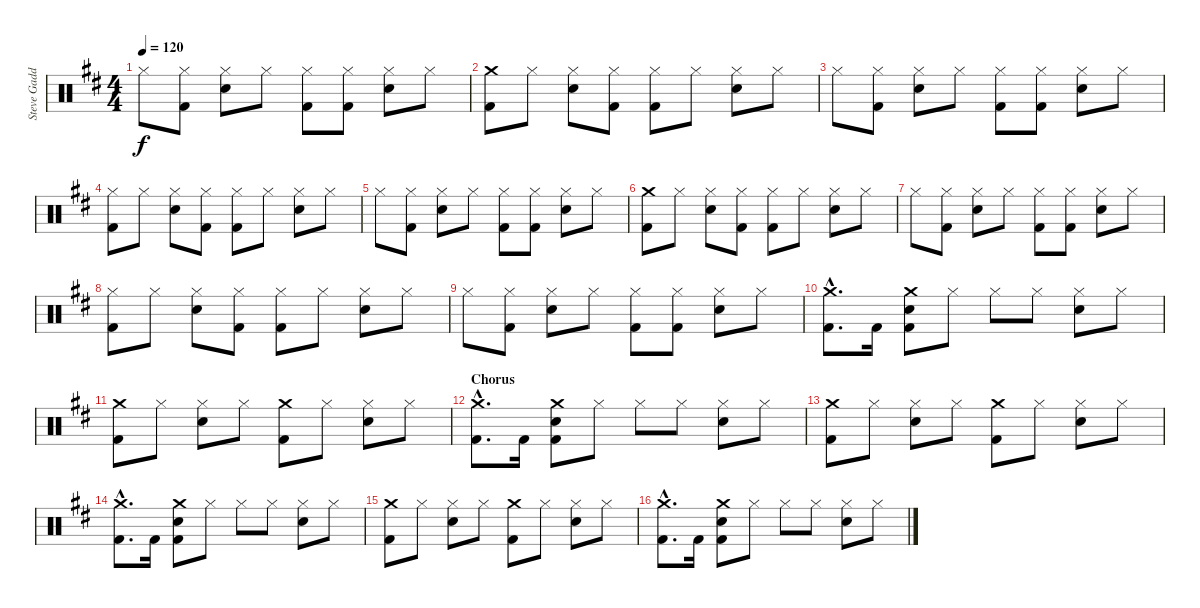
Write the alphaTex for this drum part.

\track ("Steve Gadd Drums" "Steve Gadd") {instrument percussion}
\staff {score}
\articulation defaults
\ts (4 4)
\tempo 120
\clef neutral
\ks d "Hi-Hat (closed)".8{dy f}
("Hi-Hat (closed)" "Kick (hit) 2").8 ("Hi-Hat (closed)" "Snare (hit) 2").8 "Hi-Hat (closed)".8 ("Hi-Hat (closed)" "Kick (hit) 2").8 ("Hi-Hat (closed)" "Kick (hit) 2").8 ("Hi-Hat (closed)" "Snare (hit) 2").8 "Hi-Hat (closed)".8 |
("Crash medium (hit)" "Kick (hit) 2").8 "Hi-Hat (closed)".8 ("Hi-Hat (closed)" "Snare (hit) 2").8 ("Hi-Hat (closed)" "Kick (hit) 2").8 ("Hi-Hat (closed)" "Kick (hit) 2").8 "Hi-Hat (closed)".8 ("Hi-Hat (closed)" "Snare (hit) 2").8 "Hi-Hat (closed)".8 |
"Hi-Hat (closed)".8 ("Hi-Hat (closed)" "Kick (hit) 2").8 ("Hi-Hat (closed)" "Snare (hit) 2").8 "Hi-Hat (closed)".8 ("Hi-Hat (closed)" "Kick (hit) 2").8 ("Hi-Hat (closed)" "Kick (hit) 2").8 ("Hi-Hat (closed)" "Snare (hit) 2").8 "Hi-Hat (closed)".8 |
("Hi-Hat (closed)" "Kick (hit) 2").8 "Hi-Hat (closed)".8 ("Hi-Hat (closed)" "Snare (hit) 2").8 ("Hi-Hat (closed)" "Kick (hit) 2").8 ("Hi-Hat (closed)" "Kick (hit) 2").8 "Hi-Hat (closed)".8 ("Hi-Hat (closed)" "Snare (hit) 2").8 "Hi-Hat (closed)".8 |
"Hi-Hat (closed)".8 ("Hi-Hat (closed)" "Kick (hit) 2").8 ("Hi-Hat (closed)" "Snare (hit) 2").8 "Hi-Hat (closed)".8 ("Hi-Hat (closed)" "Kick (hit) 2").8 ("Hi-Hat (closed)" "Kick (hit) 2").8 ("Hi-Hat (closed)" "Snare (hit) 2").8 "Hi-Hat (closed)".8 |
("Crash medium (hit)" "Kick (hit) 2").8 "Hi-Hat (closed)".8 ("Hi-Hat (closed)" "Snare (hit) 2").8 ("Hi-Hat (closed)" "Kick (hit) 2").8 ("Hi-Hat (closed)" "Kick (hit) 2").8 "Hi-Hat (closed)".8 ("Hi-Hat (closed)" "Snare (hit) 2").8 "Hi-Hat (closed)".8 |
"Hi-Hat (closed)".8 ("Hi-Hat (closed)" "Kick (hit) 2").8 ("Hi-Hat (closed)" "Snare (hit) 2").8 "Hi-Hat (closed)".8 ("Hi-Hat (closed)" "Kick (hit) 2").8 ("Hi-Hat (closed)" "Kick (hit) 2").8 ("Hi-Hat (closed)" "Snare (hit) 2").8 "Hi-Hat (closed)".8 |
("Hi-Hat (closed)" "Kick (hit) 2").8 "Hi-Hat (closed)".8 ("Hi-Hat (closed)" "Snare (hit) 2").8 ("Hi-Hat (closed)" "Kick (hit) 2").8 ("Hi-Hat (closed)" "Kick (hit) 2").8 "Hi-Hat (closed)".8 ("Hi-Hat (closed)" "Snare (hit) 2").8 "Hi-Hat (closed)".8 |
"Hi-Hat (closed)".8 ("Hi-Hat (closed)" "Kick (hit) 2").8 ("Hi-Hat (closed)" "Snare (hit) 2").8 "Hi-Hat (closed)".8 ("Hi-Hat (closed)" "Kick (hit) 2").8 ("Hi-Hat (closed)" "Kick (hit) 2").8 ("Hi-Hat (closed)" "Snare (hit) 2").8 "Hi-Hat (closed)".8 |
("Crash medium (hit)"{hac} "Kick (hit) 2"{hac}).8{d} "Kick (hit) 2".16 ("Crash medium (hit)" "Snare (hit) 2" "Kick (hit) 2").8 "Hi-Hat (closed)".8 "Hi-Hat (closed)".8 "Hi-Hat (closed)".8 ("Hi-Hat (closed)" "Snare (hit) 2").8 "Hi-Hat (closed)".8 |
("Crash medium (hit)" "Kick (hit) 2").8 "Hi-Hat (closed)".8 ("Hi-Hat (closed)" "Snare (hit) 2").8 "Hi-Hat (closed)".8 ("Crash medium (hit)" "Kick (hit) 2").8 "Hi-Hat (closed)".8 ("Hi-Hat (closed)" "Snare (hit) 2").8 "Hi-Hat (closed)".8 |
\section ("" "Chorus")
("Crash medium (hit)"{hac} "Kick (hit) 2"{hac}).8{d} "Kick (hit) 2".16 ("Crash medium (hit)" "Snare (hit) 2" "Kick (hit) 2").8 "Hi-Hat (closed)".8 "Hi-Hat (closed)".8 "Hi-Hat (closed)".8 ("Hi-Hat (closed)" "Snare (hit) 2").8 "Hi-Hat (closed)".8 |
("Crash medium (hit)" "Kick (hit) 2").8 "Hi-Hat (closed)".8 ("Hi-Hat (closed)" "Snare (hit) 2").8 "Hi-Hat (closed)".8 ("Crash medium (hit)" "Kick (hit) 2").8 "Hi-Hat (closed)".8 ("Hi-Hat (closed)" "Snare (hit) 2").8 "Hi-Hat (closed)".8 |
("Crash medium (hit)"{hac} "Kick (hit) 2"{hac}).8{d} "Kick (hit) 2".16 ("Crash medium (hit)" "Snare (hit) 2" "Kick (hit) 2").8 "Hi-Hat (closed)".8 "Hi-Hat (closed)".8 "Hi-Hat (closed)".8 ("Hi-Hat (closed)" "Snare (hit) 2").8 "Hi-Hat (closed)".8 |
("Crash medium (hit)" "Kick (hit) 2").8 "Hi-Hat (closed)".8 ("Hi-Hat (closed)" "Snare (hit) 2").8 "Hi-Hat (closed)".8 ("Crash medium (hit)" "Kick (hit) 2").8 "Hi-Hat (closed)".8 ("Hi-Hat (closed)" "Snare (hit) 2").8 "Hi-Hat (closed)".8 |
("Crash medium (hit)"{hac} "Kick (hit) 2"{hac}).8{d} "Kick (hit) 2".16 ("Crash medium (hit)" "Snare (hit) 2" "Kick (hit) 2").8 "Hi-Hat (closed)".8 "Hi-Hat (closed)".8 "Hi-Hat (closed)".8 ("Hi-Hat (closed)" "Snare (hit) 2").8 "Hi-Hat (closed)".8

▶ [WORK TASK]
Write out the data exactly, and exclude every picture it holds.

▶ [COMPLETED TASK]
Write the alphaTex for this drum part.

\track ("Steve Gadd Drums" "Steve Gadd") {instrument percussion}
\staff {score}
\articulation defaults
\ts (4 4)
\tempo 120
\clef neutral
\ks d "Hi-Hat (closed)".8{dy f}
("Hi-Hat (closed)" "Kick (hit) 2").8 ("Hi-Hat (closed)" "Snare (hit) 2").8 "Hi-Hat (closed)".8 ("Hi-Hat (closed)" "Kick (hit) 2").8 ("Hi-Hat (closed)" "Kick (hit) 2").8 ("Hi-Hat (closed)" "Snare (hit) 2").8 "Hi-Hat (closed)".8 |
("Crash medium (hit)" "Kick (hit) 2").8 "Hi-Hat (closed)".8 ("Hi-Hat (closed)" "Snare (hit) 2").8 ("Hi-Hat (closed)" "Kick (hit) 2").8 ("Hi-Hat (closed)" "Kick (hit) 2").8 "Hi-Hat (closed)".8 ("Hi-Hat (closed)" "Snare (hit) 2").8 "Hi-Hat (closed)".8 |
"Hi-Hat (closed)".8 ("Hi-Hat (closed)" "Kick (hit) 2").8 ("Hi-Hat (closed)" "Snare (hit) 2").8 "Hi-Hat (closed)".8 ("Hi-Hat (closed)" "Kick (hit) 2").8 ("Hi-Hat (closed)" "Kick (hit) 2").8 ("Hi-Hat (closed)" "Snare (hit) 2").8 "Hi-Hat (closed)".8 |
("Hi-Hat (closed)" "Kick (hit) 2").8 "Hi-Hat (closed)".8 ("Hi-Hat (closed)" "Snare (hit) 2").8 ("Hi-Hat (closed)" "Kick (hit) 2").8 ("Hi-Hat (closed)" "Kick (hit) 2").8 "Hi-Hat (closed)".8 ("Hi-Hat (closed)" "Snare (hit) 2").8 "Hi-Hat (closed)".8 |
"Hi-Hat (closed)".8 ("Hi-Hat (closed)" "Kick (hit) 2").8 ("Hi-Hat (closed)" "Snare (hit) 2").8 "Hi-Hat (closed)".8 ("Hi-Hat (closed)" "Kick (hit) 2").8 ("Hi-Hat (closed)" "Kick (hit) 2").8 ("Hi-Hat (closed)" "Snare (hit) 2").8 "Hi-Hat (closed)".8 |
("Crash medium (hit)" "Kick (hit) 2").8 "Hi-Hat (closed)".8 ("Hi-Hat (closed)" "Snare (hit) 2").8 ("Hi-Hat (closed)" "Kick (hit) 2").8 ("Hi-Hat (closed)" "Kick (hit) 2").8 "Hi-Hat (closed)".8 ("Hi-Hat (closed)" "Snare (hit) 2").8 "Hi-Hat (closed)".8 |
"Hi-Hat (closed)".8 ("Hi-Hat (closed)" "Kick (hit) 2").8 ("Hi-Hat (closed)" "Snare (hit) 2").8 "Hi-Hat (closed)".8 ("Hi-Hat (closed)" "Kick (hit) 2").8 ("Hi-Hat (closed)" "Kick (hit) 2").8 ("Hi-Hat (closed)" "Snare (hit) 2").8 "Hi-Hat (closed)".8 |
("Hi-Hat (closed)" "Kick (hit) 2").8 "Hi-Hat (closed)".8 ("Hi-Hat (closed)" "Snare (hit) 2").8 ("Hi-Hat (closed)" "Kick (hit) 2").8 ("Hi-Hat (closed)" "Kick (hit) 2").8 "Hi-Hat (closed)".8 ("Hi-Hat (closed)" "Snare (hit) 2").8 "Hi-Hat (closed)".8 |
"Hi-Hat (closed)".8 ("Hi-Hat (closed)" "Kick (hit) 2").8 ("Hi-Hat (closed)" "Snare (hit) 2").8 "Hi-Hat (closed)".8 ("Hi-Hat (closed)" "Kick (hit) 2").8 ("Hi-Hat (closed)" "Kick (hit) 2").8 ("Hi-Hat (closed)" "Snare (hit) 2").8 "Hi-Hat (closed)".8 |
("Crash medium (hit)"{hac} "Kick (hit) 2"{hac}).8{d} "Kick (hit) 2".16 ("Crash medium (hit)" "Snare (hit) 2" "Kick (hit) 2").8 "Hi-Hat (closed)".8 "Hi-Hat (closed)".8 "Hi-Hat (closed)".8 ("Hi-Hat (closed)" "Snare (hit) 2").8 "Hi-Hat (closed)".8 |
("Crash medium (hit)" "Kick (hit) 2").8 "Hi-Hat (closed)".8 ("Hi-Hat (closed)" "Snare (hit) 2").8 "Hi-Hat (closed)".8 ("Crash medium (hit)" "Kick (hit) 2").8 "Hi-Hat (closed)".8 ("Hi-Hat (closed)" "Snare (hit) 2").8 "Hi-Hat (closed)".8 |
\section ("" "Chorus")
("Crash medium (hit)"{hac} "Kick (hit) 2"{hac}).8{d} "Kick (hit) 2".16 ("Crash medium (hit)" "Snare (hit) 2" "Kick (hit) 2").8 "Hi-Hat (closed)".8 "Hi-Hat (closed)".8 "Hi-Hat (closed)".8 ("Hi-Hat (closed)" "Snare (hit) 2").8 "Hi-Hat (closed)".8 |
("Crash medium (hit)" "Kick (hit) 2").8 "Hi-Hat (closed)".8 ("Hi-Hat (closed)" "Snare (hit) 2").8 "Hi-Hat (closed)".8 ("Crash medium (hit)" "Kick (hit) 2").8 "Hi-Hat (closed)".8 ("Hi-Hat (closed)" "Snare (hit) 2").8 "Hi-Hat (closed)".8 |
("Crash medium (hit)"{hac} "Kick (hit) 2"{hac}).8{d} "Kick (hit) 2".16 ("Crash medium (hit)" "Snare (hit) 2" "Kick (hit) 2").8 "Hi-Hat (closed)".8 "Hi-Hat (closed)".8 "Hi-Hat (closed)".8 ("Hi-Hat (closed)" "Snare (hit) 2").8 "Hi-Hat (closed)".8 |
("Crash medium (hit)" "Kick (hit) 2").8 "Hi-Hat (closed)".8 ("Hi-Hat (closed)" "Snare (hit) 2").8 "Hi-Hat (closed)".8 ("Crash medium (hit)" "Kick (hit) 2").8 "Hi-Hat (closed)".8 ("Hi-Hat (closed)" "Snare (hit) 2").8 "Hi-Hat (closed)".8 |
("Crash medium (hit)"{hac} "Kick (hit) 2"{hac}).8{d} "Kick (hit) 2".16 ("Crash medium (hit)" "Snare (hit) 2" "Kick (hit) 2").8 "Hi-Hat (closed)".8 "Hi-Hat (closed)".8 "Hi-Hat (closed)".8 ("Hi-Hat (closed)" "Snare (hit) 2").8 "Hi-Hat (closed)".8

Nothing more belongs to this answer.